*What to do:* With the images removed, repeat the data below exactly.

*Data block:*

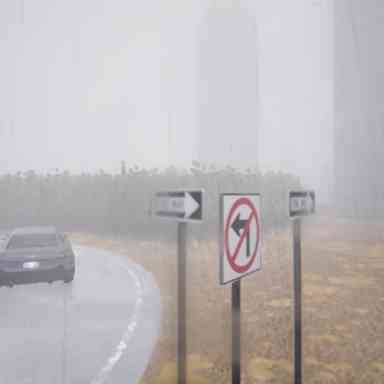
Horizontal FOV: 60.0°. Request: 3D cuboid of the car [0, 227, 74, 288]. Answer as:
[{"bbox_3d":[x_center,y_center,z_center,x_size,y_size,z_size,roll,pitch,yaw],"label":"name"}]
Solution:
[{"bbox_3d":[-4.520,1.686,9.591,1.994,1.385,4.181,0,-1,-23],"label":"car"}]

*Answer for the task:*
Horizontal FOV: 60.0°. Request: 3D cuboid of the car [0, 227, 74, 288]. Answer as:
[{"bbox_3d":[x_center,y_center,z_center,x_size,y_size,z_size,roll,pitch,yaw],"label":"name"}]
Solution:
[{"bbox_3d":[-4.520,1.686,9.591,1.994,1.385,4.181,0,-1,-23],"label":"car"}]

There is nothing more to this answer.